Manchen waren zusätzlich ein paar senkrecht angebrachte Schwellen, kleine Betonmauern, Natursteinmauern oder an die Gleise geklammerte Schwellen vorangesetzt, wie zum Beispiel 1958 in Scheifling…
Foto: Harald Navé, Slg. Mag. Luft
… oder 1964 in Guntramsdorf:
Foto: Slg. Notbremse
Es wird für solche Schotter-Bufferwehren, wie die Prellböcke früher auch genannt wurden, Normen und vielleicht auch Zeichnungen gegeben haben, denn man wird ihre Bremswirkung sicherlich zumindest überschlägig berechnet haben. Für die allseits bekannten, aus altbrauchbaren Schwellen errichteten und mit Schotter hinterfüllten Prellböcke, wie es sie es auch als Modell-Bausätze gibt, habe ich eine Zeichnung gefunden:
Abbildung: Zeitschrift Eisenbahn, 1949
Wer’s nachbauen will: diese Zeichnung ist deshalb nicht bemaßt, weil sich die Maße aus den genormten Abmessungen der Holzschwellen ergeben.

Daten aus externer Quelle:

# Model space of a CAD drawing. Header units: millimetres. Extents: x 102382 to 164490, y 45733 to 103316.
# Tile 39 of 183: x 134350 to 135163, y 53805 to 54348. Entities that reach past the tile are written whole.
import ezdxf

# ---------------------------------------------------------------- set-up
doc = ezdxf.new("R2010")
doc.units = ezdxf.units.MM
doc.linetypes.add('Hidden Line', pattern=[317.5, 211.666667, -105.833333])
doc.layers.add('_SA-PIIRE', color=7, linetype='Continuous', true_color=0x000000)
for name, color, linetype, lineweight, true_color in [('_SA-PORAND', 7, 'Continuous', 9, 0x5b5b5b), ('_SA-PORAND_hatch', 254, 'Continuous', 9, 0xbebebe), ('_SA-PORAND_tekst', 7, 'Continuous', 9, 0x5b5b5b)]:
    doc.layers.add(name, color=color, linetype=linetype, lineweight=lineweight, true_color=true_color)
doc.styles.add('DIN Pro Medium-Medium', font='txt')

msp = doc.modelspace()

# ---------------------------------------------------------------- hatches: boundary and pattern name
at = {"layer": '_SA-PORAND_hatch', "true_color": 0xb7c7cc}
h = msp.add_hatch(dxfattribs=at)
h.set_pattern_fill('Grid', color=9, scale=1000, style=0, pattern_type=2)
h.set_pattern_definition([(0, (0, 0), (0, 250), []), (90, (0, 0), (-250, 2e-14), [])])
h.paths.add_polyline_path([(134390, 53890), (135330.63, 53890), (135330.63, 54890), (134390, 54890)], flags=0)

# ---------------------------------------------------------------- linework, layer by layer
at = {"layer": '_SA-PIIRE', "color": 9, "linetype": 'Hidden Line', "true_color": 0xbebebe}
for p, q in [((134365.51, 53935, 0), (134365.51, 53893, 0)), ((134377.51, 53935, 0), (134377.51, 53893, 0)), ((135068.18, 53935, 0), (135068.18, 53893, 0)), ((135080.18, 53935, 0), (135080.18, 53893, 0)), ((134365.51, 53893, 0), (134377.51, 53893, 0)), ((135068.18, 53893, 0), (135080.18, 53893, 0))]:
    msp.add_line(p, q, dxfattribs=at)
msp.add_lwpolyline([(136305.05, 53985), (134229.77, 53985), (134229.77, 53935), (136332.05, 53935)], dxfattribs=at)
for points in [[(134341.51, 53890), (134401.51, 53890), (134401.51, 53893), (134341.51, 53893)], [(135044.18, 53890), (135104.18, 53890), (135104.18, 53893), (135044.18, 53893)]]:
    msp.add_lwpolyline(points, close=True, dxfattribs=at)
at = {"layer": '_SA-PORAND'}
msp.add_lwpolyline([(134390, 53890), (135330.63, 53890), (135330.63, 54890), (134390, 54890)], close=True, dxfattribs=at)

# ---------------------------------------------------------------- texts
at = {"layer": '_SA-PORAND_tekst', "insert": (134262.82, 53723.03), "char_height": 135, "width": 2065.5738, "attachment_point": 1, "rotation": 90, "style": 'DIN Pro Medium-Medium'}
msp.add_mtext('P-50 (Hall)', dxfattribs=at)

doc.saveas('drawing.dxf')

Für die Schotterhäufen hingegen habe noch keine Soll-Maßangaben oder Zeichnungen gefunden.
Die Schotter-Gleisabschlüsse waren, wie man auf verschiedenen Fotos sieht, bald mit Unkraut bewachsen. Da es sich, soweit auf den Fotos erkennbar, nicht immer um für Schotterflächen typische Pflanzen handelte, darf man wohl annehmen, dass es sich häufig nicht um reinen Schotter handelte, sondern auch um erdiges Material. Vielleicht war der Grasbewuchs sogar durchaus erwünscht, weil das Gras möglicherweise dem Wegschwemmen des Schotters bei starkem Regen entgegenwirkte.
Der Schotterhaufen wurde später vom bis heute in Österreich allgegenwärtigen Prellbock dieses VOEST-Typs abgelöst:
Foto: Notbremse
Zurück zum Schotterhaufen: trotz der bei uns beim Vorbild offenkundigen starken Verbreitung der Schotterhäufen in der Epoche III habe ich interessanterweise einen solchen Schotter-Gleisabschluss bisher noch nie auf einer Modellbahn gesehen.